Sad endings can work, but even with those an element of 'hope' might be appropriate.  

Is sadness and despair how you want to leave the readers when they read 'the end'? Maybe, maybe not.


----------



## sashamerideth (Jan 28, 2012)

I am unsure here. My plan is for my main character to die, but the remaining characters continue with their other goals.


----------



## Anders Ã„mting (Jan 28, 2012)

I am quite against sad endings. Heck, I don't even like bittersweet endings, but sad endings are right out.

I make exceptions for _tragedies_, because a tragedy isn't the same thing as a sad story. Tragedies are about characters who ruin and destroy themselves as a result of their choices and character flaws. A true tragic ending feels appropriate because it's what the protagonist was heading for all along.

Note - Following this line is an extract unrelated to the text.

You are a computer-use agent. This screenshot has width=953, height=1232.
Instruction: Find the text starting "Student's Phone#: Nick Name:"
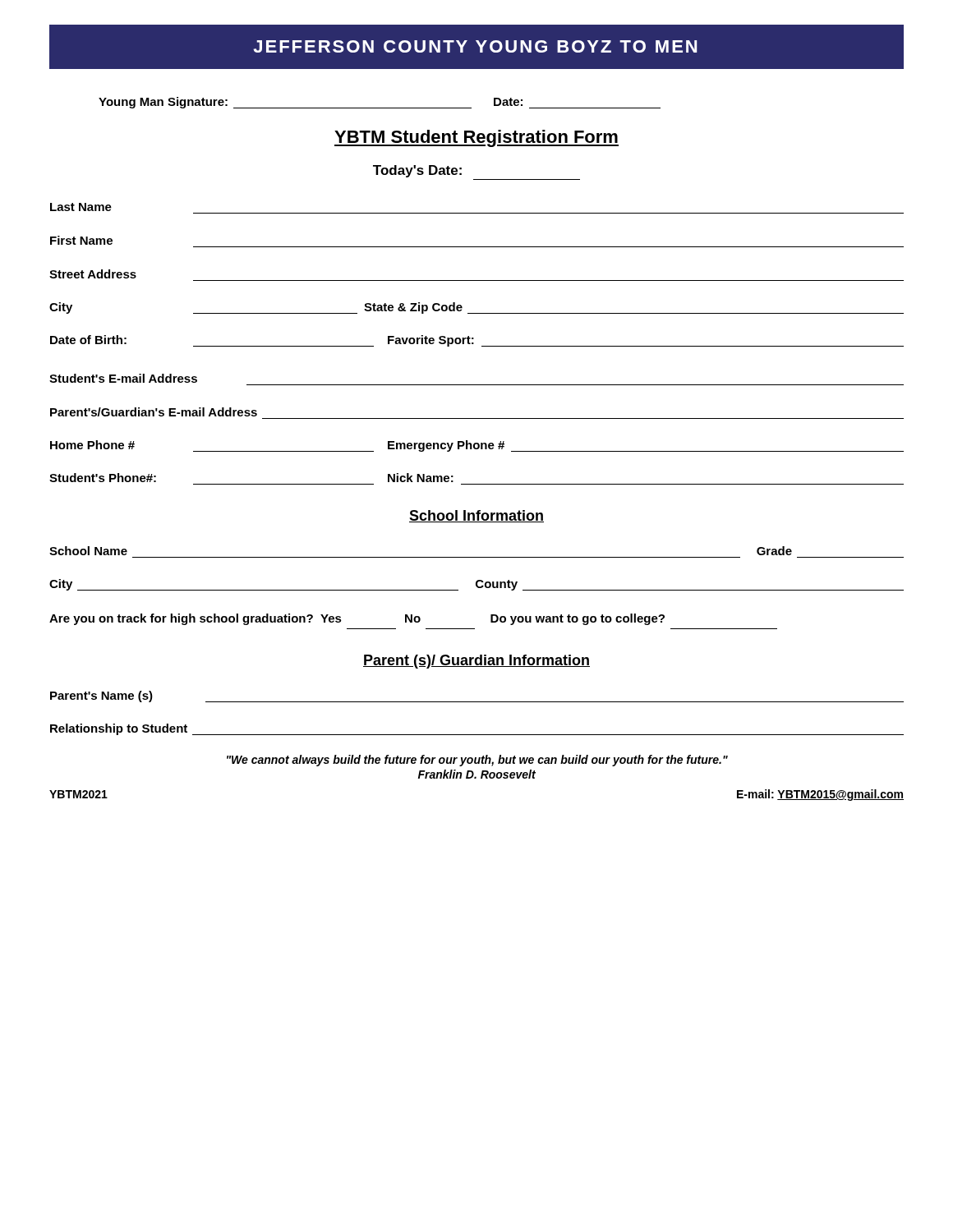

See, I don't necessarily _like _tragedies, but I can respect them because writing a decent one takes a bit of skill. But if a story is just sad for no particular reason, and the hero dies or the lovers are separated just because life is random and unfair... that just kinda pisses me off! I read books to _get away _from the harsh realities of life.


----------



## Devor (Jan 29, 2012)

mirrorrorrim said:


> What can I do? Can I still be true to my original story, disregarding its probable impact, or should I rewrite it in such a way that my audience and I will be happier?



I was always taught that good writing is first and foremost about delivering an impact to your readers, and not just about telling whatever story you want to tell.  In my opinion, you bend the story to make the impact you want to make, rather than stick to your story readers be darned.

As a reader, and a writer, I like when the ending is happy, but the penultimate climax is tragic.  I feel that there needs to be a permanent loss of some kind in order for the conflict have real meaning.

You can figure out how those thoughts figure into your story.  I will say that in my story I've constructed a small town that I really love, my MC's home town, and I'm struggling because my original outline called for it to burn down.  So I created _another_ town to burn down instead, which I also have come to really like, and I can see with my eyeballs that it was a cop-out to do so.  I'm not sure what I'm going to do just yet.  I think the first town may burn down as I had planned, and the second town will help to mitigate the fallout.  "We can rebuild!  Survivors came here."  That kind of thing.  The reason it's difficult, though, is because the towns are relatively original and idyllic.  I've created other locations that were easy, even fun to destroy.


----------



## void141 (Jan 29, 2012)

You could maybe try writing the ending as you initially conceived it, but giving the remaining characters (I somehow suppose that there will be dead people and alive people in the end) some positive, optimistic closure. Something along the lines of - dead is dead, tragedy is tragedy, but we have to live on because blah blah... That way readers will go through this catharsis that all of us experience when faced with tragedy in the works of art, but they are not left without hope, alone in the dark and despair.


----------



## Voldermort (Jan 30, 2012)

"The Grey" shows you that sad endings are acceptable.


----------



## mirrorrorrim (Jan 30, 2012)

Thank you so much for your help, everyone! As I've read your comments, I realize that it would be unfair to both my readers and nd my story to change the ending and make it happier. Chilari, just like yours, my story builds to the ending I have planned, and I don't think it would feel genuine to change that. But I also don't want to leave my readers depressed at the end. ScipioSmith, I don't think I'm prolific enough of a writer to want to do all the rewrites necessary to give my story a different tone! San Cidolfus, I'm definitely a character-oriented writer, if that's what you're asking. I try not to ever have any of my characters do anything unnatural just to move the plot along. Because of this, I don't think I can change the ending just by giving my characters "free reign"–it's their own decisions that lead them ending into being what it is.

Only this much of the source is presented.